YOUR INSTRUCTIONS » Say how many of the lines below contain the word "object"; nothing else belongs in the answer.

** Opening INFORMATION GIVEN block **

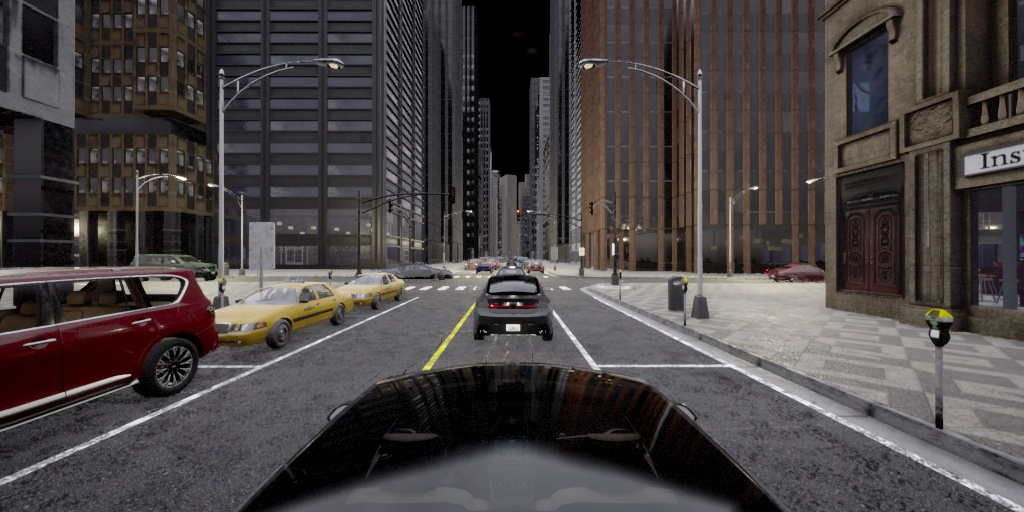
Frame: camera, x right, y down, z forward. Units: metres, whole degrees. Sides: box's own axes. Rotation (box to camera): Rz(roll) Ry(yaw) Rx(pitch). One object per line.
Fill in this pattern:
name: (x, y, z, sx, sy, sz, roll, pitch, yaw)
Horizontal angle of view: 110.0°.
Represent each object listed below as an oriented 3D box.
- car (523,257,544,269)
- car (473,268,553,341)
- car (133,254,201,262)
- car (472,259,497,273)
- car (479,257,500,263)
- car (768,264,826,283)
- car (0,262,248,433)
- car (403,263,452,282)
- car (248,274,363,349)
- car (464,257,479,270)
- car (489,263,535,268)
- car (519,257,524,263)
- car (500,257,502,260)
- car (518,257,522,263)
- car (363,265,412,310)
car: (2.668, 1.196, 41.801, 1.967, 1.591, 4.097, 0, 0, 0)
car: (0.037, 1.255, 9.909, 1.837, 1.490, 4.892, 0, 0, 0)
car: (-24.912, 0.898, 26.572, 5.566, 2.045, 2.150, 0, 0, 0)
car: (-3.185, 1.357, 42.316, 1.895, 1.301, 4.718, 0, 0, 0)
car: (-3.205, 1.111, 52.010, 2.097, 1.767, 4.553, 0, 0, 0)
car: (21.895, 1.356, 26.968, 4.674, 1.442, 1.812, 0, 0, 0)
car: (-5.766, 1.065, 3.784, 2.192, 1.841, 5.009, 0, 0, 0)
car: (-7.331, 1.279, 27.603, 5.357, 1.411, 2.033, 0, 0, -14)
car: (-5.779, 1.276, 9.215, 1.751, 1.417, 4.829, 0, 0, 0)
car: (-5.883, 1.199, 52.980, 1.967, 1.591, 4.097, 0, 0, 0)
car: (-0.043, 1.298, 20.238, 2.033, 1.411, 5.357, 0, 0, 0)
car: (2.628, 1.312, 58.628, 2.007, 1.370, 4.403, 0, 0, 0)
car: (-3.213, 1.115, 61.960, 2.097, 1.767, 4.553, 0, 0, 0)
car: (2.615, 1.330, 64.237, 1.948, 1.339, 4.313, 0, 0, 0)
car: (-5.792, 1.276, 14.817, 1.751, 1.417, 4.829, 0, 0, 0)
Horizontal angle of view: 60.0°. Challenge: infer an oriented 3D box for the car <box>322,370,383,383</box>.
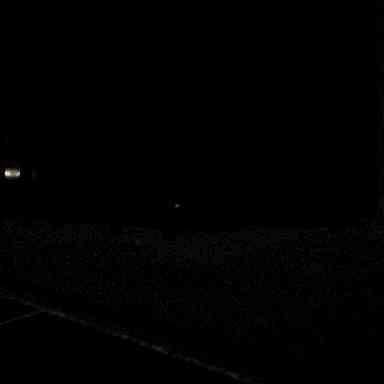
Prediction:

** Closing INFORMATION GIVEN block **

EXERCISE OUTPUT » 2